Private equity is an industry whose star continues to rise. Driven by attractive returns and more than a decade of low interest rates, the asset class has experienced rapid growth in the last twenty years, continually attracting greater inflows, increasingly sourced from institutional investors. Total Assets Under Management (AUM) hit a record $4.74tn 2020, as investors committed more than half a trillion dollars, further boosting the substantial pile of dry powder available.
The rising popularity of private equity, and size of available dry powder, has led to larger and more significant deals. Despite the 24% drop in deal count during 2020, which came as no surprise as entire economies closed down for months on end, there were clear signs that pent-up demand will likely see deal flow rebound in a big way. But there was still considerable activity as managers continued to be on the hunt for more substantial deals, with many turning to multinationals.
This trend, which continues to gain momentum, is mirrored by multinational companies divesting large areas of their businesses. Notable divestments in 2020 included Unilever divesting the majority of its $3.5bn tea business (including brands such as PG Tips, Pukka Herbs and Tazo), whilst Phillips Electronics is set to divest its domestic appliances business worth $3.3bn. Whether to streamline operations or free up capital for other projects and R&D, unsurprisingly, they are finding that the buyers on the other end of the deal are increasingly from the private equity industry.

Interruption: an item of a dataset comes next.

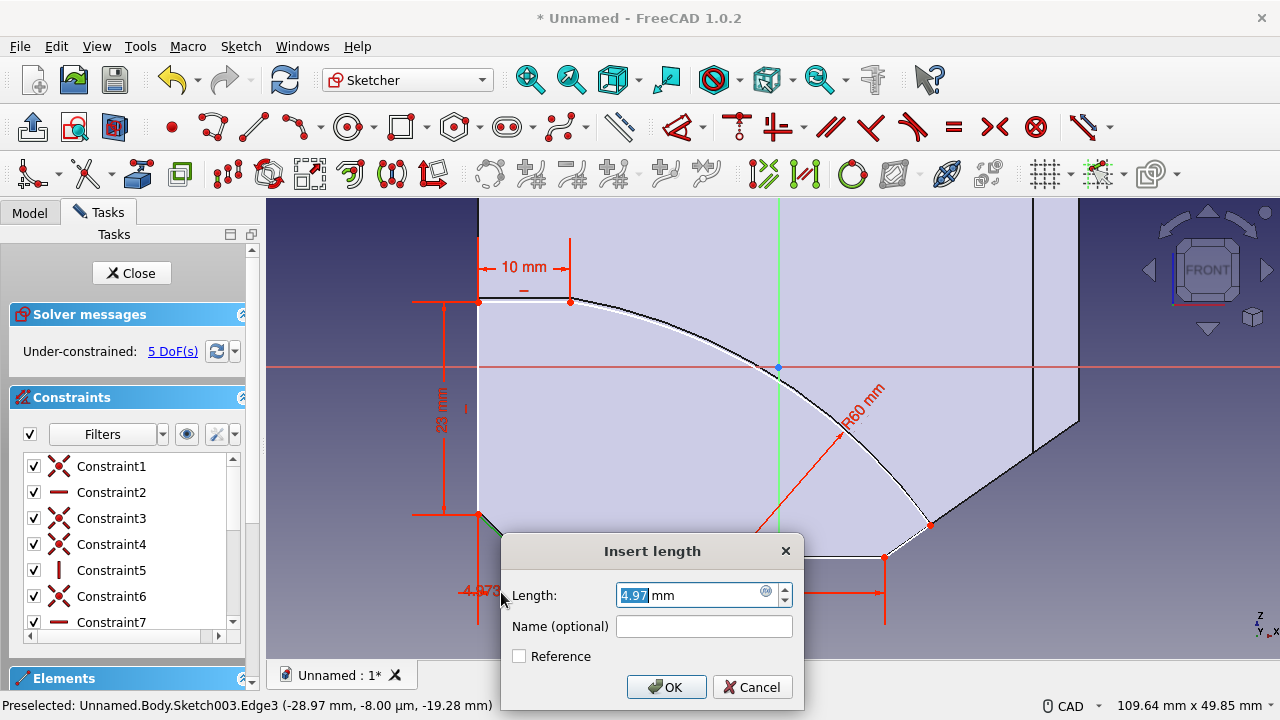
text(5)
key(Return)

From a corporate governance perspective, the continued M&A activity raises a number of key elements that both PE and multinational firms need to understand with regards to equity financing and entity ownership. As the industry continues to grow, these matters become ever more pertinent.
The importance of centralised governance and compliance functions in the buyout environment
In comparison to multinationals, private equity firms tend to hold their entities for shorter periods of time as an investment, as well as having considerably lighter corporate infrastructure. This often means they have invested less in sophisticated governance and corporate secretarial functions which can cause issues, particularly when a firm looks to exit from its investments.
In addition to the traditional penalties and fines that accompany compliance failures, for both the initial investment and the subsequent divestment, any delays in the Due Diligence process caused by a compliance failure slows the pace of which the deal can be executed and may even affect the valuation of the investment. This highlights the critical need for PE managers to centralise their governance and compliance functions and as the deals they are involved in continue to increase in size and complexity, so too does the risk of negative financial impacts from a failure in governance and compliance.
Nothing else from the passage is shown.